Del Ponte knickt ein

Nach Protesten von Nationalisten soll der kroatische General Norac nicht in Den Haag angeklagt werden

DEN HAAG/ZAGREB dpa ■ Der kroatische Armeegeneral Mirko Norac soll in seinem eigenen Land und nicht in Den Haag wegen Kriegsverbrechen zur Rechenschaft gezogen werden. Das UN- Kriegsverbrechertribunal wolle kein Verfahren gegen Norac einleiten, teilte Chefanklägerin Carla Del Ponte am Mittwoch in Den Haag mit. Sie reagierte auf Berichte, wonach die Regierung in Zagreb Norac wegen angeblicher Kriegsverbrechen anklagen will. Der General soll 1991 bei einem Massaker in der Stadt Gospić serbische Zivilisten ermordet haben.

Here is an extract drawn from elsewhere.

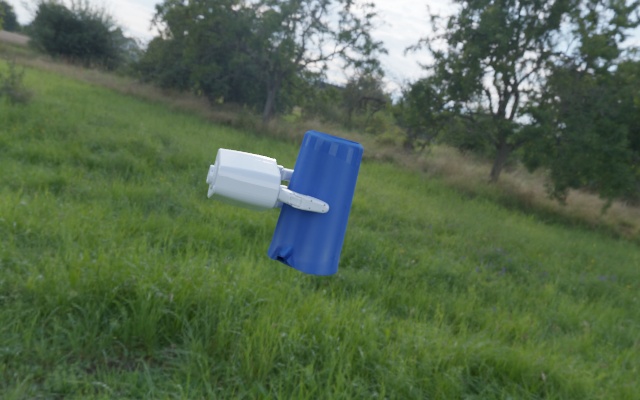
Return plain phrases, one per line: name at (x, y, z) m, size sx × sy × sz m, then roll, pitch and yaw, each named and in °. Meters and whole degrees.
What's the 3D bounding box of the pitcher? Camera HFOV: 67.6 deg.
pitcher at (0.000, 0.003, 0.871) m, size 0.145 × 0.243 × 0.149 m, roll 13°, pitch 9°, yaw -17°

Unterdessen meldete sich der flüchtige Norac aus einem Versteck telefonisch beim kroatischen Ministerpräsidenten Ivica Račan. Der Offizier werde sich wohl bald stellen, sagte der Regierungschef am Mittwoch in Zagreb. Račan erklärte, es habe in den vergangenen beiden Wochen intensive Gespräche mit dem UN-Tribunal gegeben, um Norac vor einem kroatischen Gericht den Prozess zu machen. Mehr als 100.000 Menschen – vor allem Kriegsveteranen – hatten wegen des Verfahrens gegen Norac wütend protestiert.

„Wir haben keine Anklage gegen Norac erhoben“, betonte die Sprecherin von Del Ponte. Deshalb entschied die Anklägerin, in diesem Fall auf Verfolgung zu verzichten und das Verfahren den nationalen Behörden zu überlassen.

Der Verzicht auf Verfolgung eines mutmaßlichen Kriegsverbrechers sei keinesfalls als Präzedenzfall etwa im Hinblick auf den früheren jugoslawischen Präsidenten Slobodan Milošević anzusehen, ergänzte die Sprecherin. Gegen Milošević habe das Tribunal schon lange Anklage erhoben. In seinem Fall poche das von der UNO eingesetzte Gericht in Den Haag auf sein Vorrecht zur Anklage und Verhandlung. In Belgrad haben führende Politiker bisher die geforderte Auslieferung des Expräsidenten nach Den Haag abgelehnt.